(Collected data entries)
================

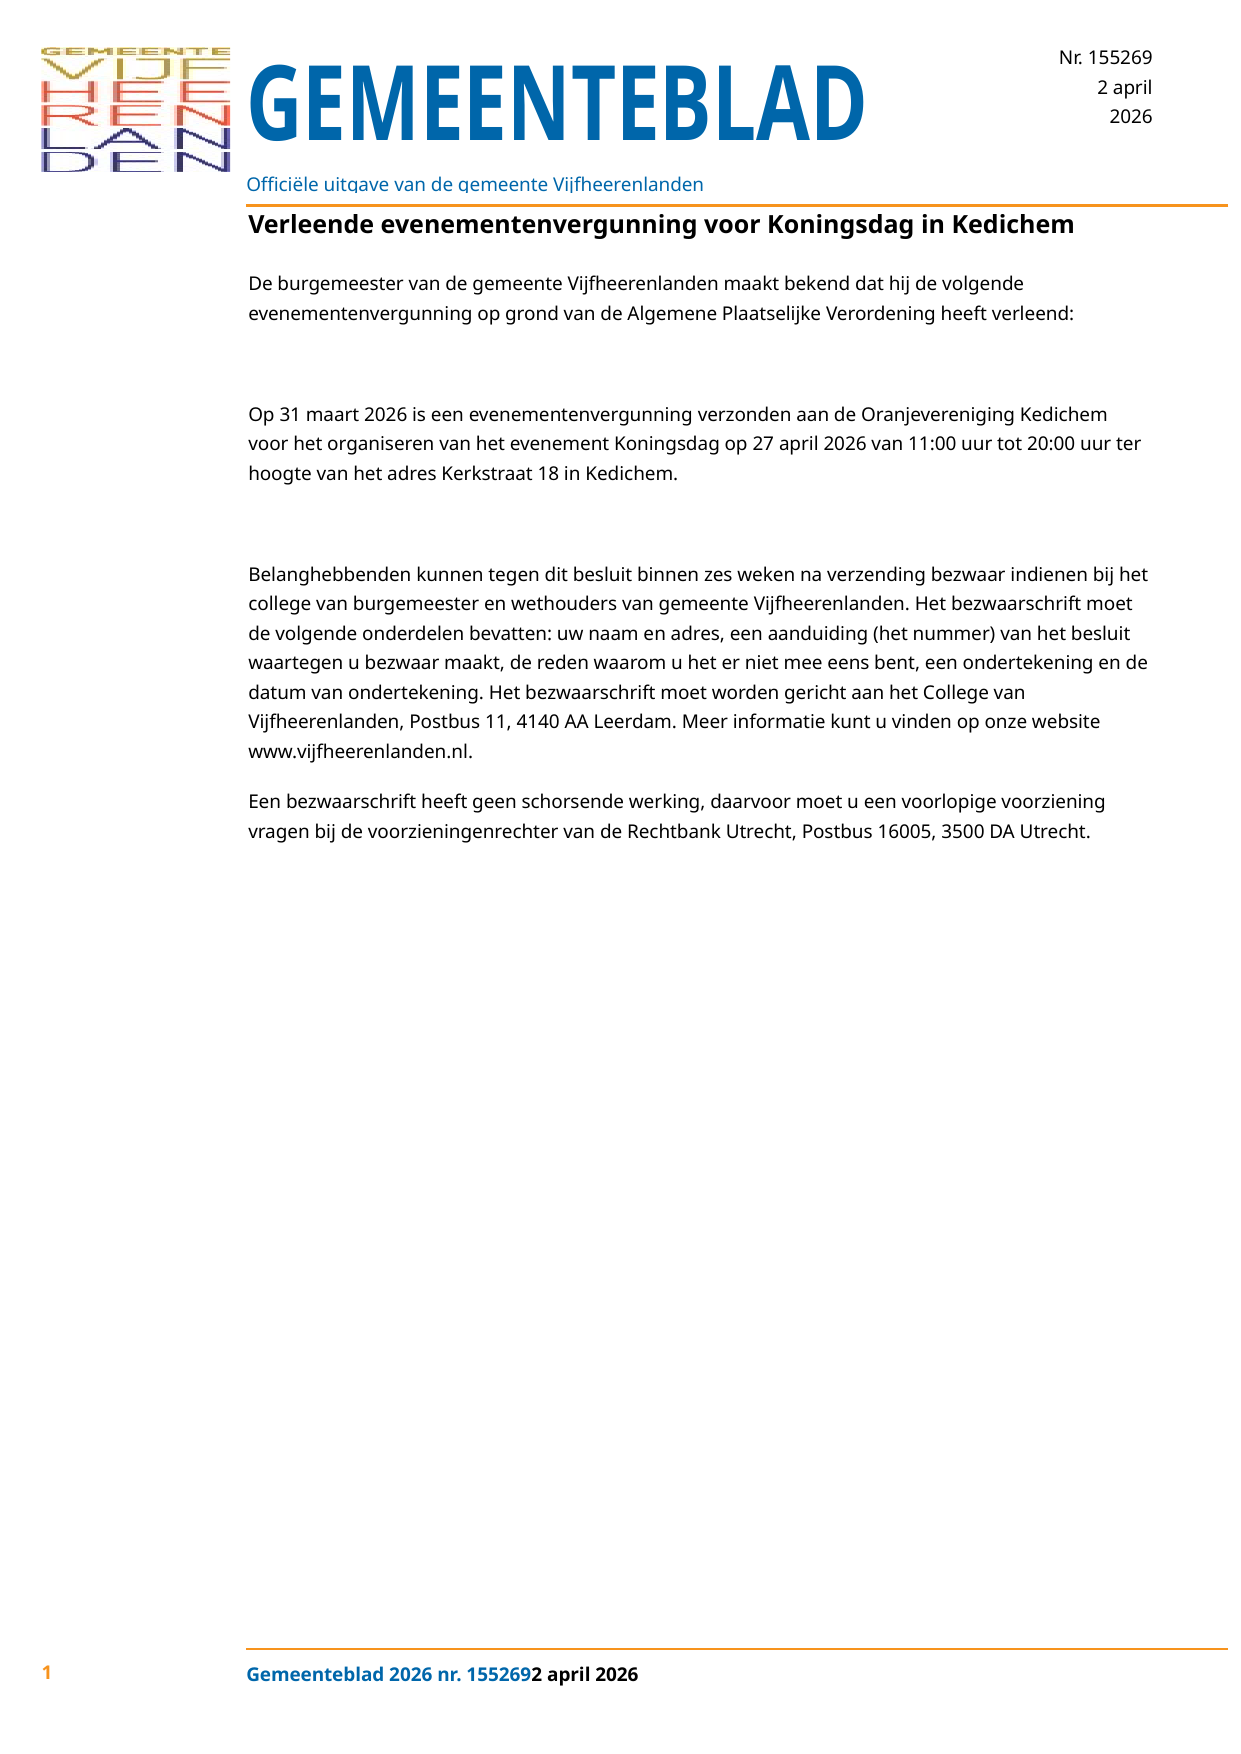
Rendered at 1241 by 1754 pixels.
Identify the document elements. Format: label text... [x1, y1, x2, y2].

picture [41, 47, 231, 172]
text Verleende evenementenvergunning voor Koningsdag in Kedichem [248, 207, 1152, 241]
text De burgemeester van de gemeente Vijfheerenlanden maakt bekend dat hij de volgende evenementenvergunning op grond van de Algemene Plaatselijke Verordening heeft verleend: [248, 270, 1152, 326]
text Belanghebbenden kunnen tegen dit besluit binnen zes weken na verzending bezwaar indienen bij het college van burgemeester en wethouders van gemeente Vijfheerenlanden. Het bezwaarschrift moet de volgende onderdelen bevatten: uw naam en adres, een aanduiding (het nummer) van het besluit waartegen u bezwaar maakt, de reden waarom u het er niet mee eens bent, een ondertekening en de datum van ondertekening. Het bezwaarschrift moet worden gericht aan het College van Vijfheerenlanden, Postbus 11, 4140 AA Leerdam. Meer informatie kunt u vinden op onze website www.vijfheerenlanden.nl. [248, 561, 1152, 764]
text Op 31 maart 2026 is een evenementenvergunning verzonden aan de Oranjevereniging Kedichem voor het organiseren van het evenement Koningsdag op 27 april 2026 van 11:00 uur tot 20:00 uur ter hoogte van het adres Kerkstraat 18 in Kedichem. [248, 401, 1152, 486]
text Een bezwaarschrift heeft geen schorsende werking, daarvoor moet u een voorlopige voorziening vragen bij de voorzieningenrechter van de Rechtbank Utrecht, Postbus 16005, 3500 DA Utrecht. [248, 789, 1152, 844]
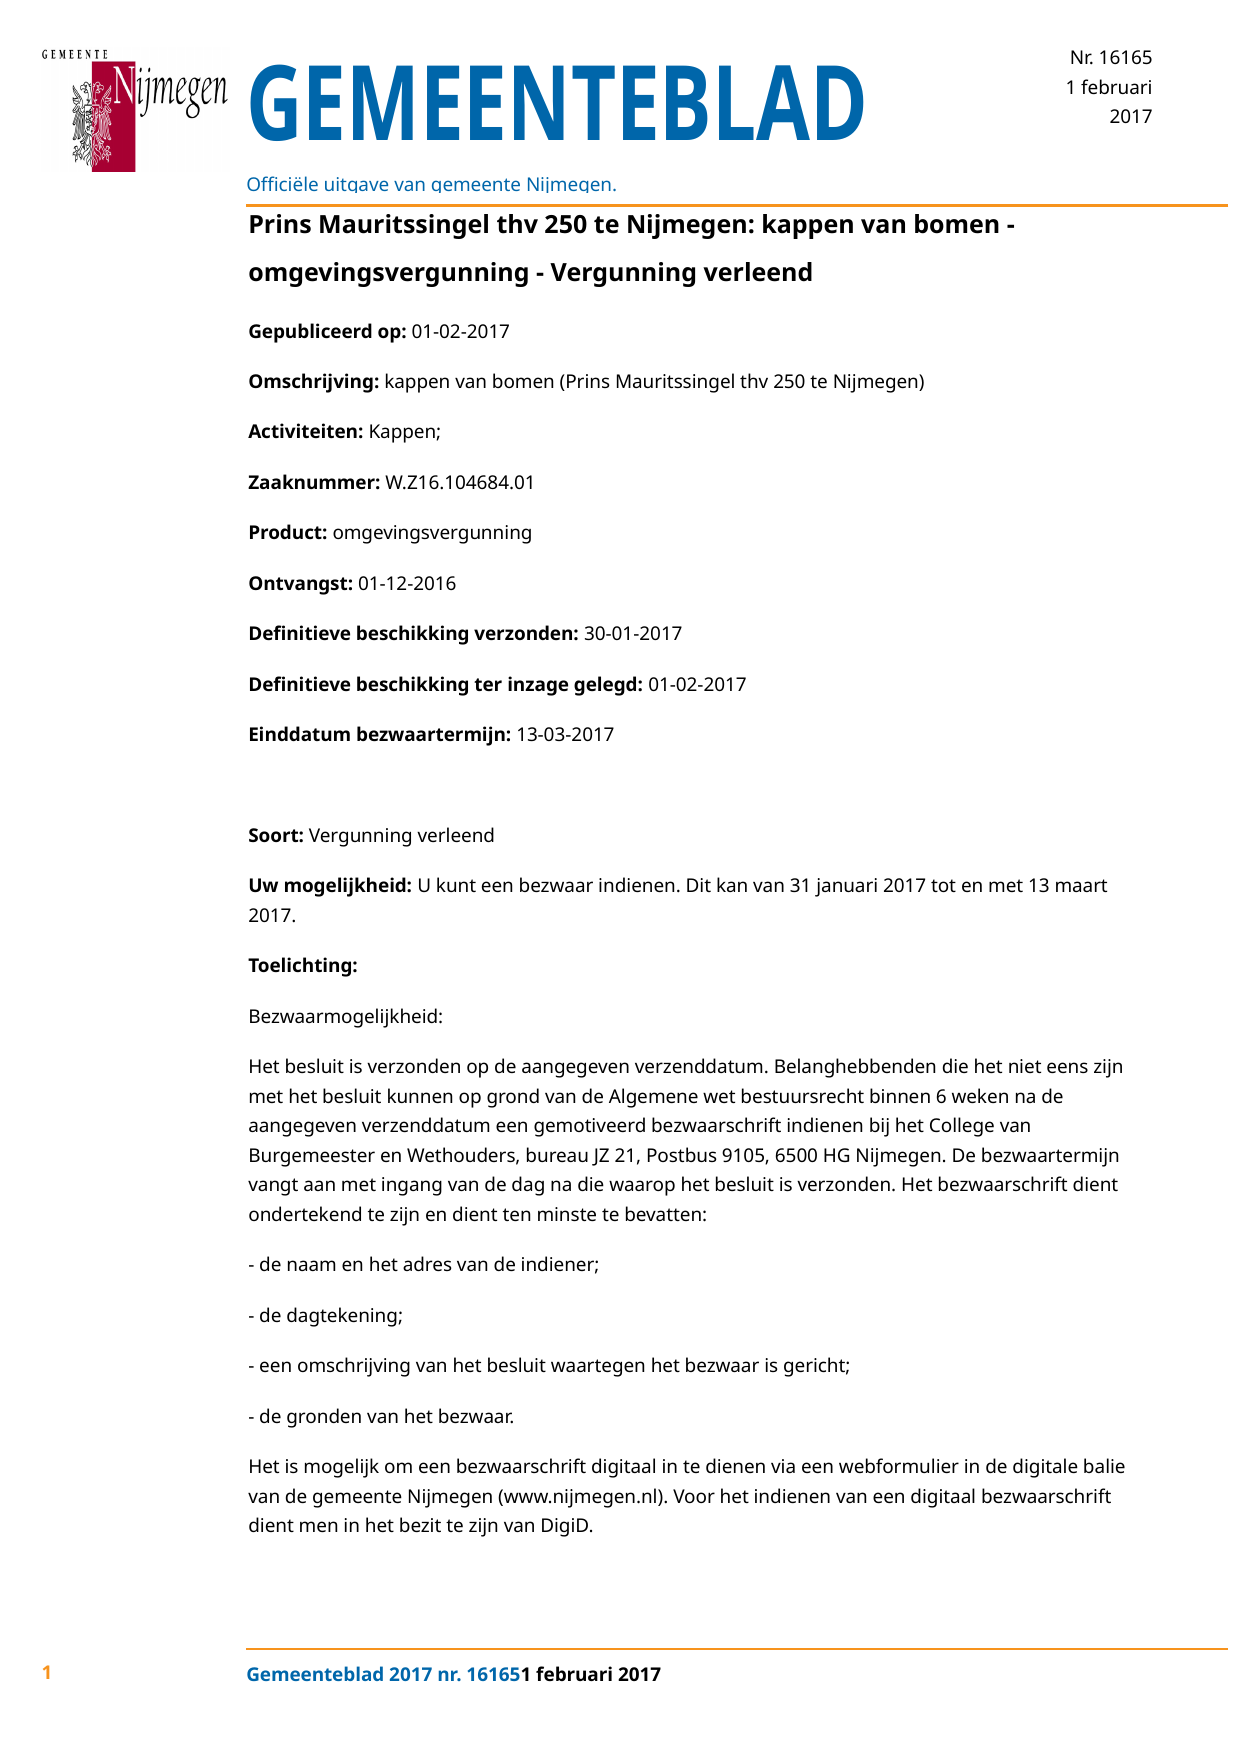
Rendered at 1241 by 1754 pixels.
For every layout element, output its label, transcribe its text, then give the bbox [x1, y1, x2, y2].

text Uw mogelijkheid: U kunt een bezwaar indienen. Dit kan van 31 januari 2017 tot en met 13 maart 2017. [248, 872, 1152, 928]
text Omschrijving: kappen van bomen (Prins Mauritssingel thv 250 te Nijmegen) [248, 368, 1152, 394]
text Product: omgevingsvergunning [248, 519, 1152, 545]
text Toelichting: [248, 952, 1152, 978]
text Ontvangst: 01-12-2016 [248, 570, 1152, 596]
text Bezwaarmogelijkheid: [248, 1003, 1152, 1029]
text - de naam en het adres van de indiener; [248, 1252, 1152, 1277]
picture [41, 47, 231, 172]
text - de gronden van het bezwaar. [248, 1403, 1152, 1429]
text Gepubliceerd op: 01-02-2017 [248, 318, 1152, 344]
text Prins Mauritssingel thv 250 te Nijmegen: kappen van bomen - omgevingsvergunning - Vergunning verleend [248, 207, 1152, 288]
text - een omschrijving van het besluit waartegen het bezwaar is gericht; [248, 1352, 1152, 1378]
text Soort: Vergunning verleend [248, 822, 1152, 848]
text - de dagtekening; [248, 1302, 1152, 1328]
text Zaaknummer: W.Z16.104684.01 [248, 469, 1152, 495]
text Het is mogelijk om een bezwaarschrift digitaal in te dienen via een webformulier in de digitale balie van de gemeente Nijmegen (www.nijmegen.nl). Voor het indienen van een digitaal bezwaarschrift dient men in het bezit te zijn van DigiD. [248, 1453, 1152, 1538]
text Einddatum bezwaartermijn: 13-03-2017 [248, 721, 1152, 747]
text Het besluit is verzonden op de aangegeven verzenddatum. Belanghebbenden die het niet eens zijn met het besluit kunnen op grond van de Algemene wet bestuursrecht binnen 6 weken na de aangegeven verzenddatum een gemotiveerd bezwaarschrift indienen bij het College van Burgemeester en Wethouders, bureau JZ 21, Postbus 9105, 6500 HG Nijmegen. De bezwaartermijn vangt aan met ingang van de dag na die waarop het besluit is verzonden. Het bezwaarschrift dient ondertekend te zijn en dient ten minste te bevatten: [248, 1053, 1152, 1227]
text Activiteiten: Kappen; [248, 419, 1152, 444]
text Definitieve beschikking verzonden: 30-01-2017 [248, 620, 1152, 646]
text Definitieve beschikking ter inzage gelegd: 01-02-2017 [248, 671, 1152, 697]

================

» ABOUT THIS EXERCISE
Look above for the line with "text Zaaknummer: W.Z16.104684.01" and the line with "text Einddatum bezwaartermijn: 13-03-2017", and reproduce exactly those two lines plus every line between, nothing more.

» WRITTEN REPLY
text Zaaknummer: W.Z16.104684.01 [248, 469, 1152, 495]
text Het is mogelijk om een bezwaarschrift digitaal in te dienen via een webformulier in de digitale balie van de gemeente Nijmegen (www.nijmegen.nl). Voor het indienen van een digitaal bezwaarschrift dient men in het bezit te zijn van DigiD. [248, 1453, 1152, 1538]
text Einddatum bezwaartermijn: 13-03-2017 [248, 721, 1152, 747]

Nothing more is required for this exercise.